TASK DETAILS: Whatever pictures appear, omit them, and repeat the data below exactly.

DATA PROVIDED:
____________

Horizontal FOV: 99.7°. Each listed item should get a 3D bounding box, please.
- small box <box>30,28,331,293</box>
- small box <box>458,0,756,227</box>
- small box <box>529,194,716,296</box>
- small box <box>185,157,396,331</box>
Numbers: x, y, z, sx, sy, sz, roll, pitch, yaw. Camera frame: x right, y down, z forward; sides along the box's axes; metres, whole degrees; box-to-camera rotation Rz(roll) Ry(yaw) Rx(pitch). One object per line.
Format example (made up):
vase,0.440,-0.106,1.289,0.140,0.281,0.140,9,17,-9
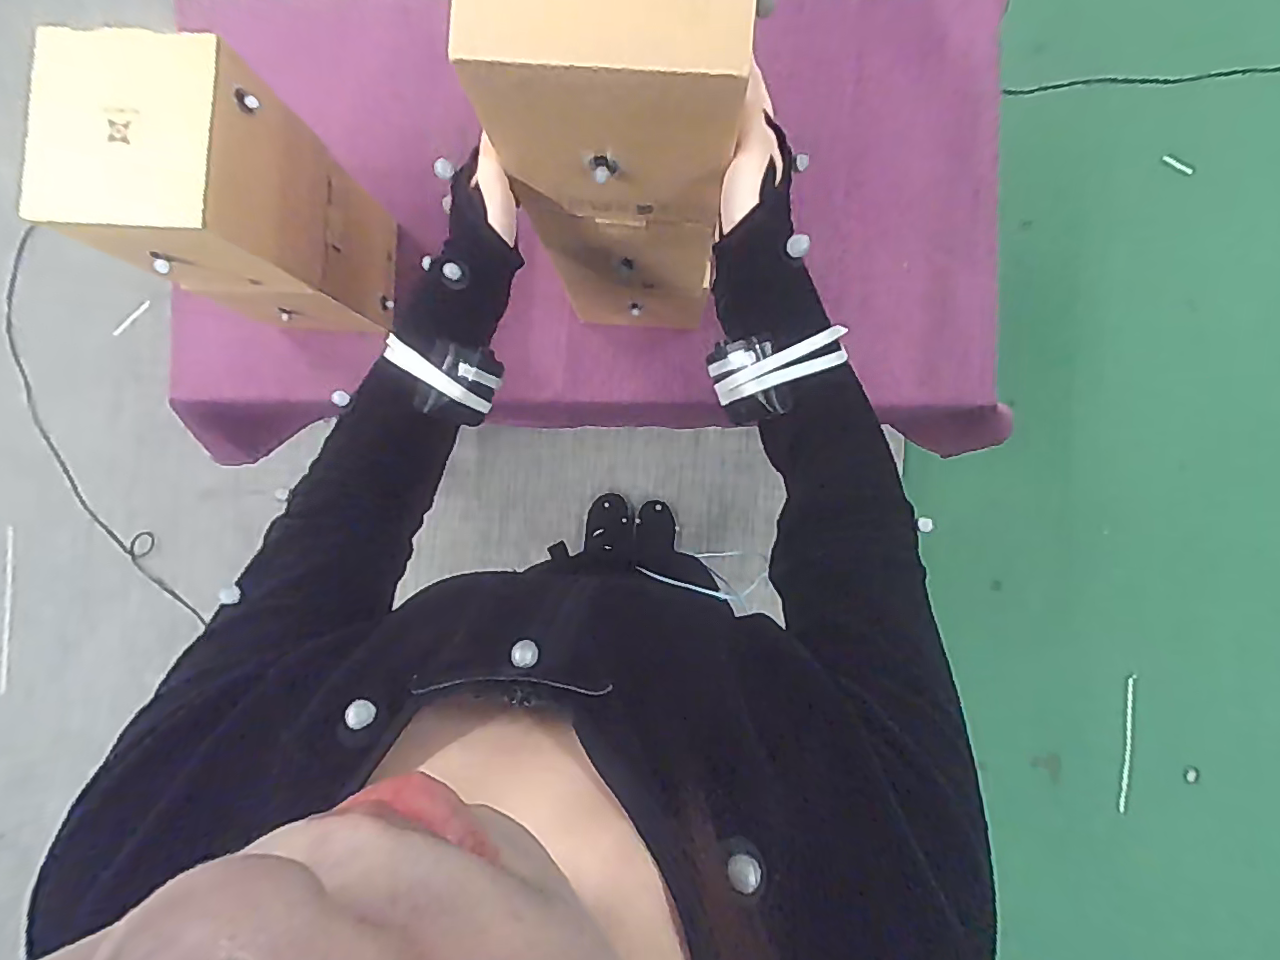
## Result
small box,-0.448,-0.307,0.555,0.168,0.176,0.179,4,88,1
small box,-0.009,-0.302,0.377,0.168,0.176,0.179,6,89,2
small box,-0.002,-0.301,0.543,0.168,0.176,0.179,7,90,2
small box,-0.446,-0.303,0.717,0.179,0.176,0.168,3,89,2
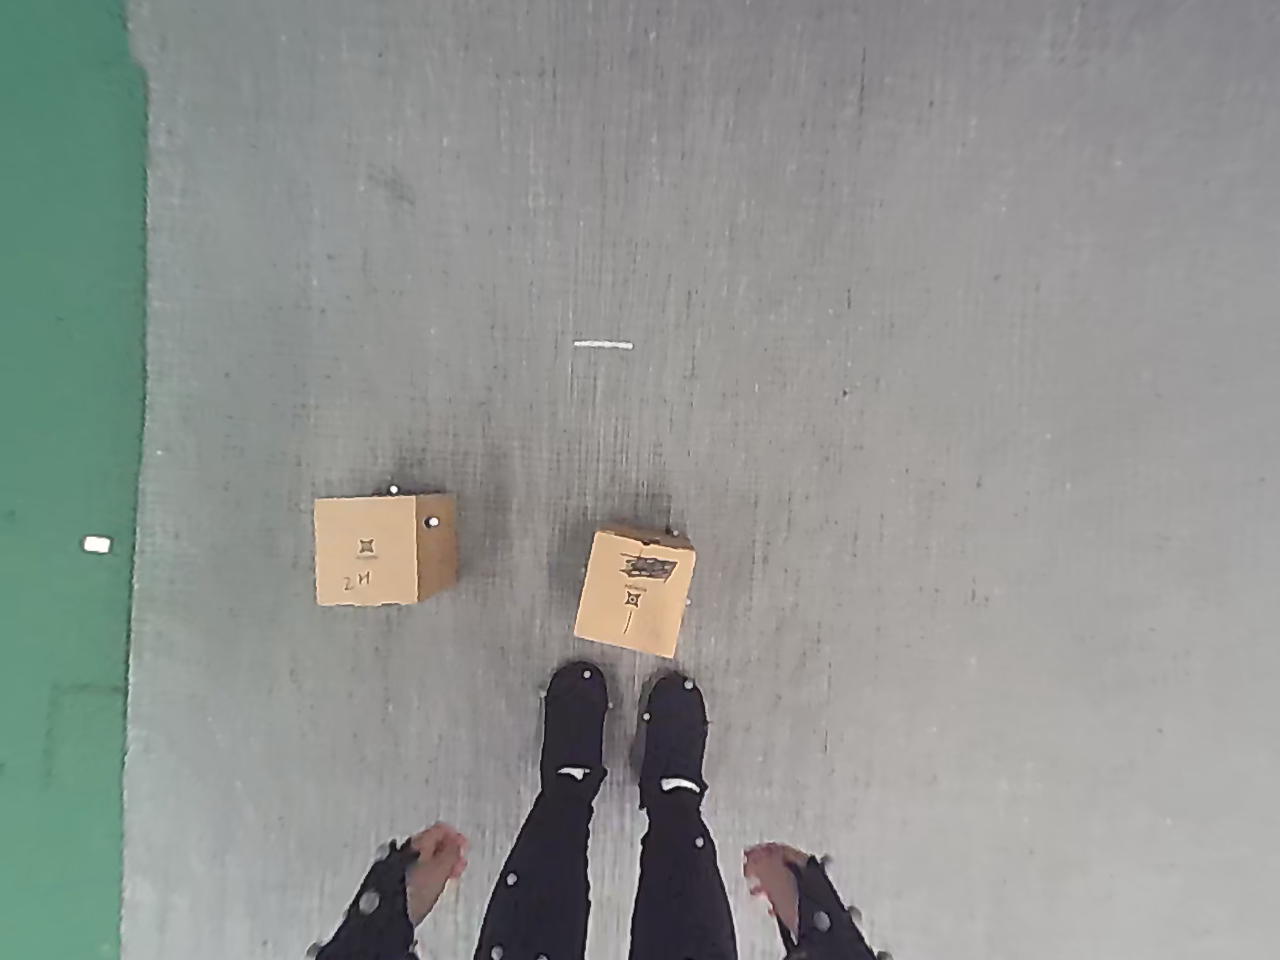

____________

EXERCISE ANSWER:
Horizontal FOV: 99.7°. Each listed item should get a 3D bounding box, please.
- small box <box>30,28,331,293</box>
- small box <box>458,0,756,227</box>
- small box <box>529,194,716,296</box>
- small box <box>185,157,396,331</box>
Numbers: x, y, z, sx, sy, sz, roll, pitch, yaw. Camera frame: x right, y down, z forward; sides along the box's axes; metres, whole degrees; box-to-camera rotation Rz(roll) Ry(yaw) Rx(pitch). One object per line.
Format example (made up):
vase,0.440,-0.106,1.289,0.140,0.281,0.140,9,17,-9
## Result
small box,-0.448,-0.307,0.555,0.168,0.176,0.179,4,88,1
small box,-0.009,-0.302,0.377,0.168,0.176,0.179,6,89,2
small box,-0.002,-0.301,0.543,0.168,0.176,0.179,7,90,2
small box,-0.446,-0.303,0.717,0.179,0.176,0.168,3,89,2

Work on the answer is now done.